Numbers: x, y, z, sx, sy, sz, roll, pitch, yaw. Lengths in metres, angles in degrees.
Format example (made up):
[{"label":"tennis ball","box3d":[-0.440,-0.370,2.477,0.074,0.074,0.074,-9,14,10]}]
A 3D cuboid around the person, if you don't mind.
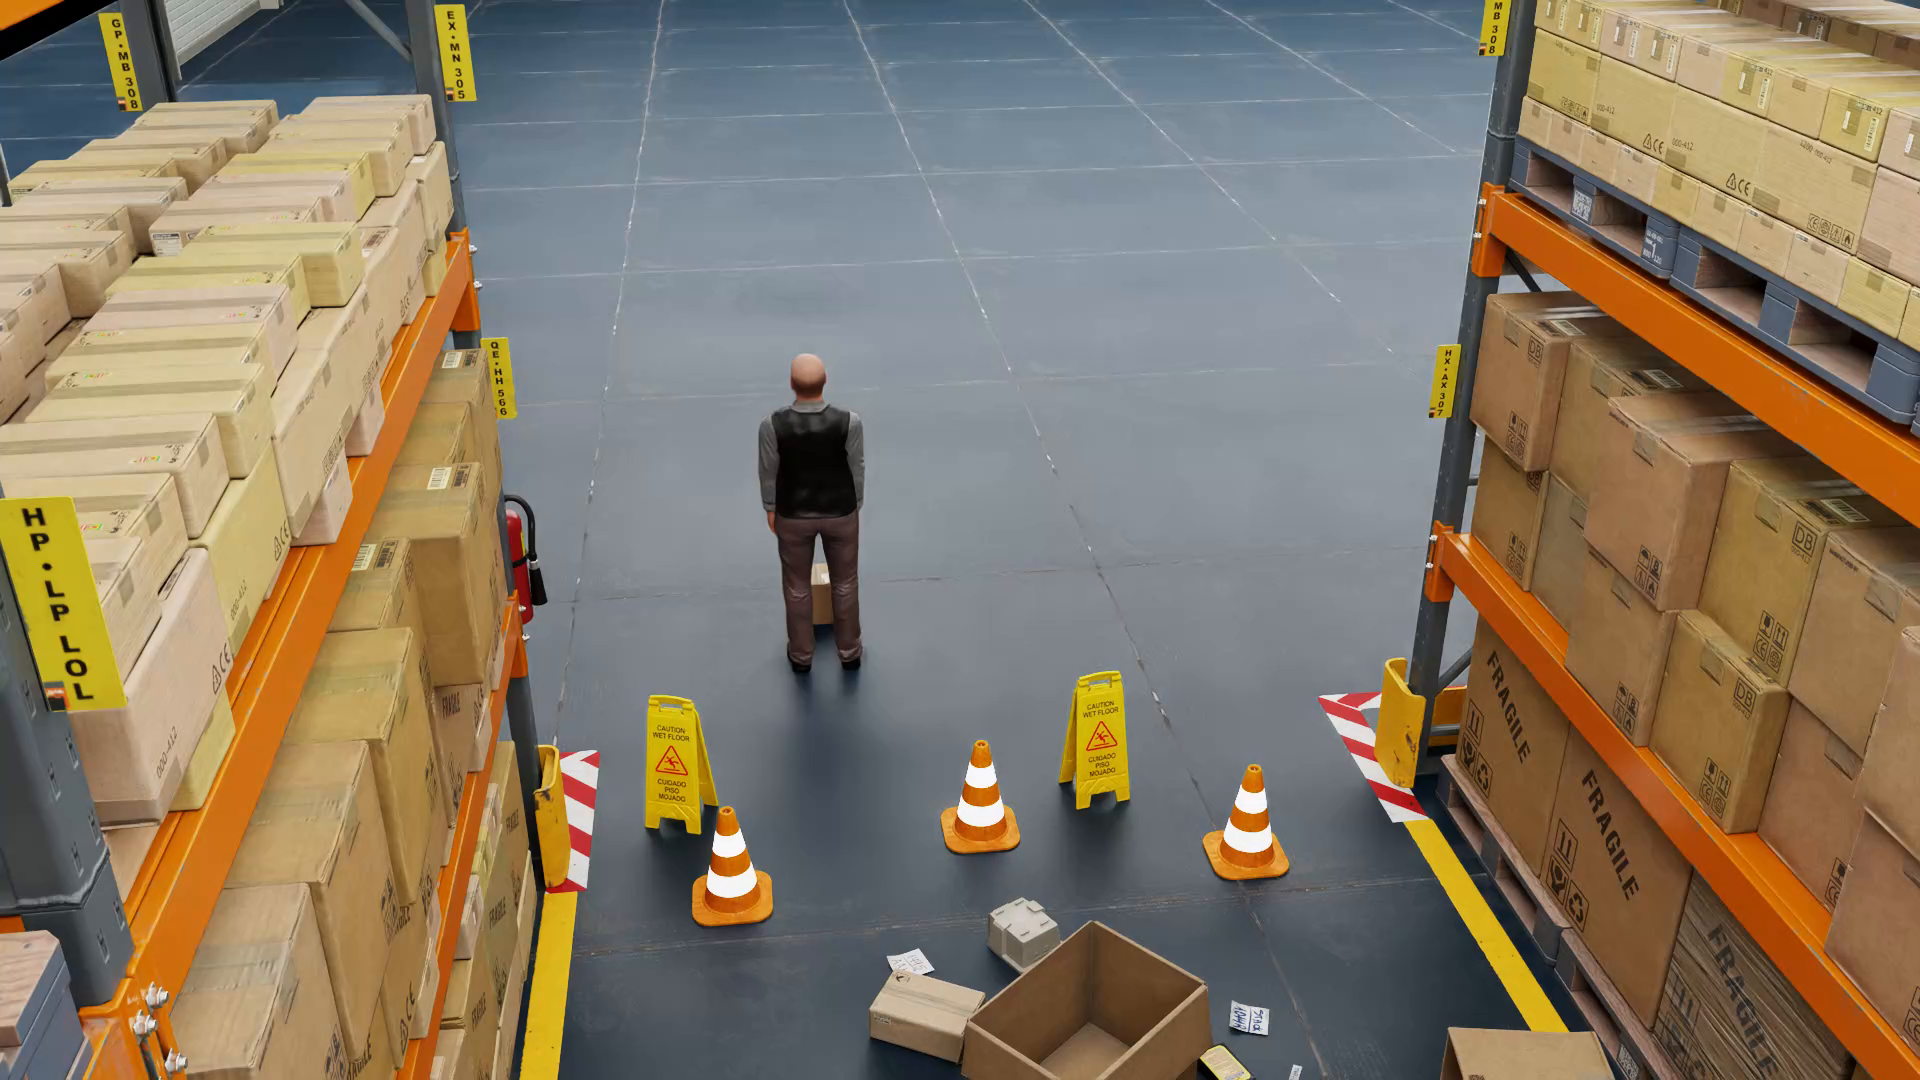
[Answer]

⁂

Requirement →
Everything in the entries above except the pictures should be given again exactly.

Exercise output →
Numbers: x, y, z, sx, sy, sz, roll, pitch, yaw. Lengths in metres, angles in degrees.
Format example (made up):
[{"label":"tennis ball","box3d":[-0.440,-0.370,2.477,0.074,0.074,0.074,-9,14,10]}]
A 3D cuboid around the person, if you don't mind.
[Answer]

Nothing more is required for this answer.